▸ Task to complete: When you copy the records, keep every word exact and leave the pictures out.

Source data
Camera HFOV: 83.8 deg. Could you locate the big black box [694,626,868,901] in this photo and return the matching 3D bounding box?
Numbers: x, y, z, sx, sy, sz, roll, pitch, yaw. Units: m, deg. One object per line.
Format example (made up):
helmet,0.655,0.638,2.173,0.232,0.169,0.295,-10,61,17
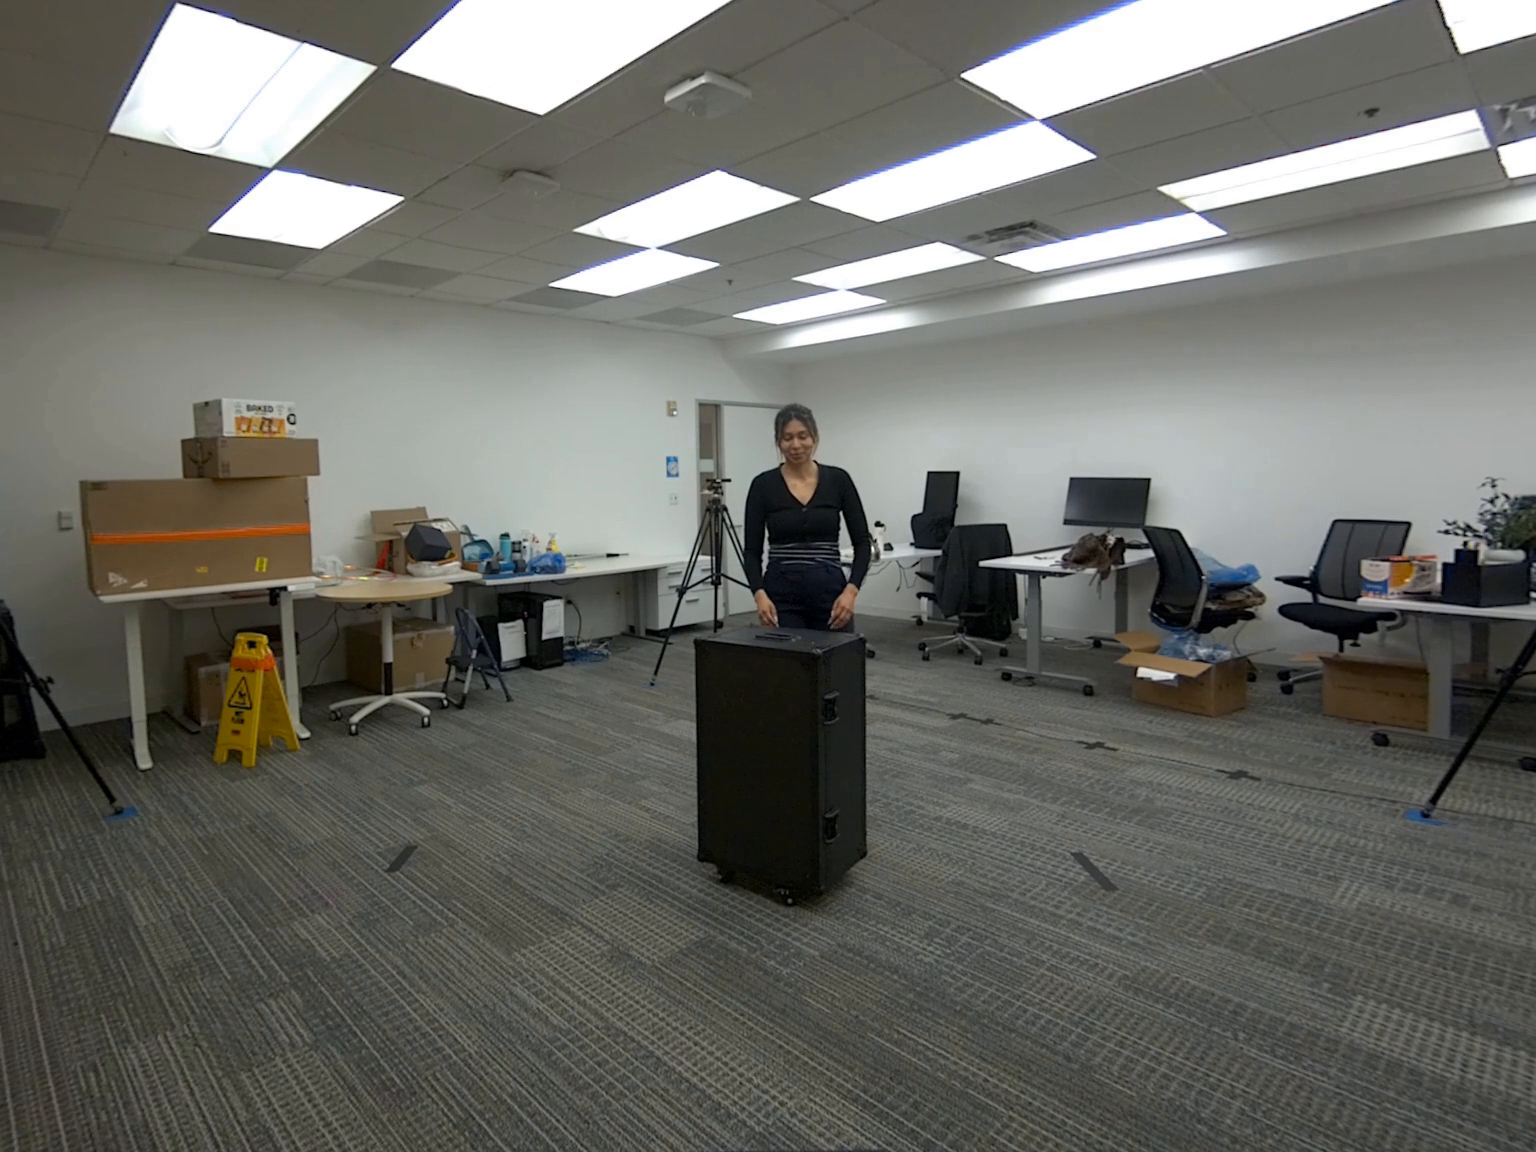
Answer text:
big black box,0.049,0.636,2.977,0.536,0.860,0.386,2,3,34

▸ Task output:
Camera HFOV: 83.8 deg. Could you locate the big black box [694,626,868,901] in this photo and return the matching 3D bounding box?
Numbers: x, y, z, sx, sy, sz, roll, pitch, yaw. Units: m, deg. One object per line.
Format example (made up):
helmet,0.655,0.638,2.173,0.232,0.169,0.295,-10,61,17
Answer text:
big black box,0.049,0.636,2.977,0.536,0.860,0.386,2,3,34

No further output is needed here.